La verità nuda e cruda. La voleva così lui, gli
piaceva, allora
perché si sentì trafiggere da una decina di
pugnali in una volta?
«Non mi ami. Beh, è una ragione, sì.
Quindi ami... lui...
William?» Già che c'era, tanto valeva saperle
certe cose.
«Sì,
amo William. Noi.. ci sposeremo il prossimo mese.»
«Auguri.» Le mani strette in pugni, le nocche che
divenivano bianche, la
mascella che si contraeva erano l'unico segno di cosa sentiva
realmente. Si sarebbero sposati il prossimo mese, eppure lui non la
vedeva da quanto? Due settimane? Giorno più giorno meno. Il
che
significava che la proposta era avvenuta appena tornati in
città.
Lei aveva rivelato al dottore cos'era successo? Per questo non voleva
tardare le nozze? Per paura che qualcun altro la rubasse?
«Quindi
perché sei venuta qui? Oggi mi hai comunicato piuttosto
chiaramente
che non avevi nulla da dirmi.» Aveva paura di cos'altro
sarebbe
potuto uscire fuori da quella conversazione, ma contava sul fatto che
sarebbe riuscito vivo da quella stanza, anche se solo fisicamente.
«C'è una cosa di cui devo parlarti, in
verità. Non volevo
dirtelo all'ospedale, mi sembrava il posto meno adatto a questo tipo
di annuncio.» Cercava di temporeggiare in tutti i modi,
però non
poteva tardare ancora. Il cartoncino nelle sue mani affusolate
iniziava a sgretolarsi e ben presto si ritrovò a
giocherellare solo
con striscioline di quello che inizialmente era un rettangolo
completo. Aveva giocato a fare dio e aveva fallito.

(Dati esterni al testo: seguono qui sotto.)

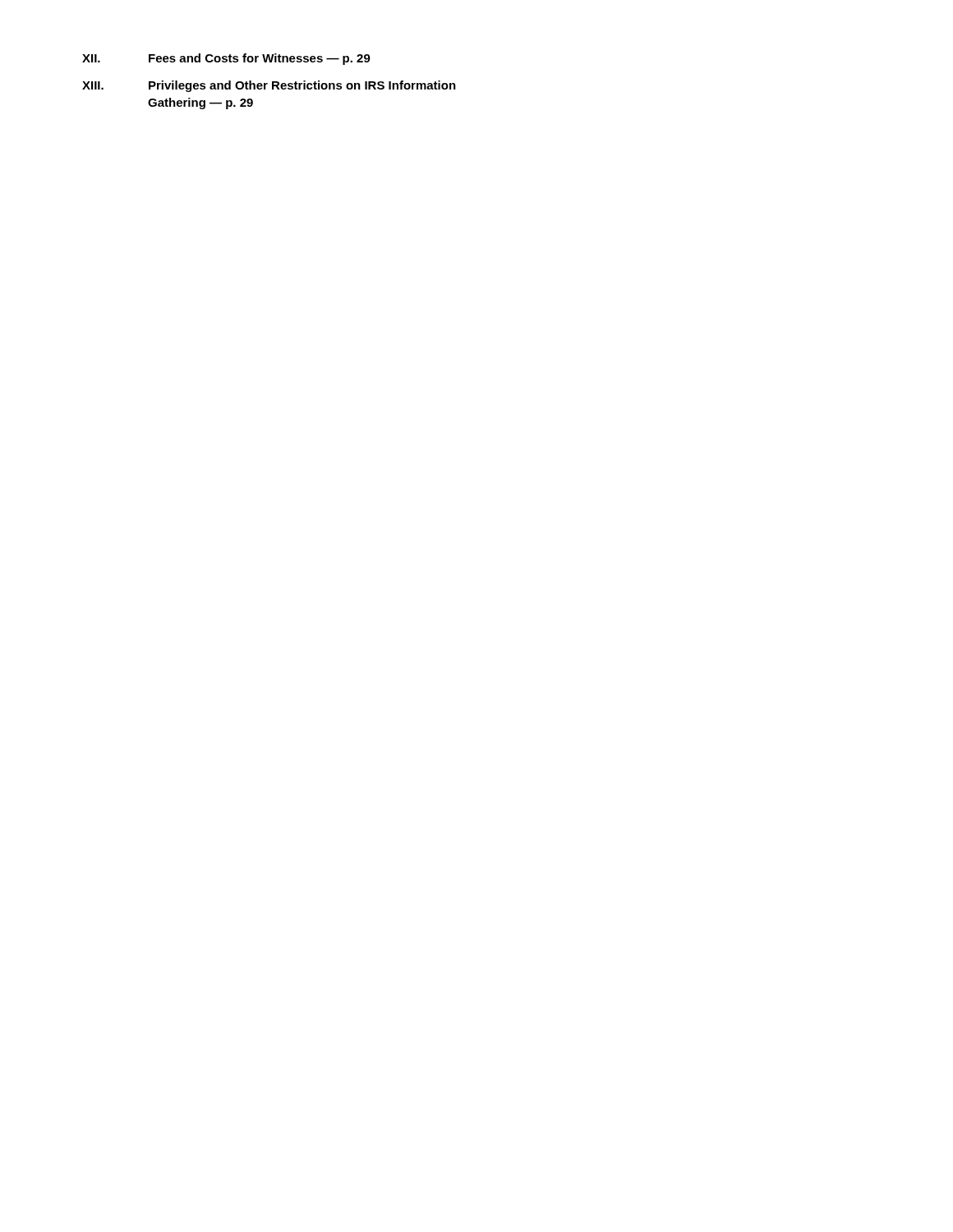Locate the block of text that opens with "XII. Fees and Costs for Witnesses"
Image resolution: width=953 pixels, height=1232 pixels.
(226, 59)

«Parla.» Tagliò corto lui.
«Sono incinta.» Alzarono gli occhi
contemporaneamente, uno dalle luci indistinguibili di una
città che
non conosceva, l'altra dalle mani da cui erano appena cadute le
briciole di ciò che aveva ricevuto. Il primo aveva intuito
tutto,
sapeva che sarebbe stato un padre orribile ma aveva voglia di urlare
"Ci sono, sono qui! Scegli me!", la seconda aveva paura che
ciò che avrebbe detto tra pochi secondi avrebbe potuto
scatenare lo
scrittore introverso che era in lui. «Voglio tenerlo e
William pensa
che sia suo figlio, quindi ti prego di-»
«Quindi gli lascerai
crescere un bambino che non è suo? Che non ha concepito lui?
GLI
LASCERAI CRESCERE MIO FIGLIO? SEI VENUTA QUI PER DIRMI CHE,
NONOSTANTE NON MI AMI E NONOSTANTE QUELLO CHE ABBIAMO AVUTO, TU
LASCERAI VIVERE MIO FIGLIO, IL FIGLIO DI UN ADULTERIO?» Era
scoppiato. Si era voltato completamente verso di lei e agitava le
braccia, gridava più che poteva.
«Quello che abbiamo avuto? Sai
cos'abbiamo avuto? Nulla! Ci siamo incontrati in un bar, tu mi hai
seguito e siamo finiti a letto insieme per due volte. E' tutto
lì.
Nessun significato nascosto, nessun amore a prima vista.» Era
calmissima e sembrava indifferente alle sue grida, come se ci fosse
abituata. Era stata abituata fin da piccola ai suoi genitori che
litigavano, poi a suo padre che le urlava contro dopo la morte della
madre, a William che durante i suoi attacchi era capace di
distruggere la camera da letto.
«NON PARLARMI IN QUESTO MODO,
CERCANDO DI CALMARMI COME SE FOSSI UN BAMBINO.» Aveva il
fiato
corto e si fermò un secondo a guardarla negli occhi mentre
Meredith
si avvicinava e poggiava le mani sulle sue guance calde e
arrossate.
«Ma tu sei un bambino. Lo sei e dovresti saperlo. Tu
non mi hai mai amata. Era un momento difficile per te, lo capisco,
avevi bisogno di qualcuno a cui aggrapparti ma quel qualcuno non sono
io, non posso esserlo. Non sono un giocattolo. Dal momento in cui mi
avrai, non mi vorrai più, ma io non sono un giocattolo ed
è ora che
iniziate a capirlo.»
Dall'aeroporto
andò direttamente all'ospedale in taxi. Chiese le
informazioni, salì
al piano di chirurgia e si fermò appena raggiunta la stanza.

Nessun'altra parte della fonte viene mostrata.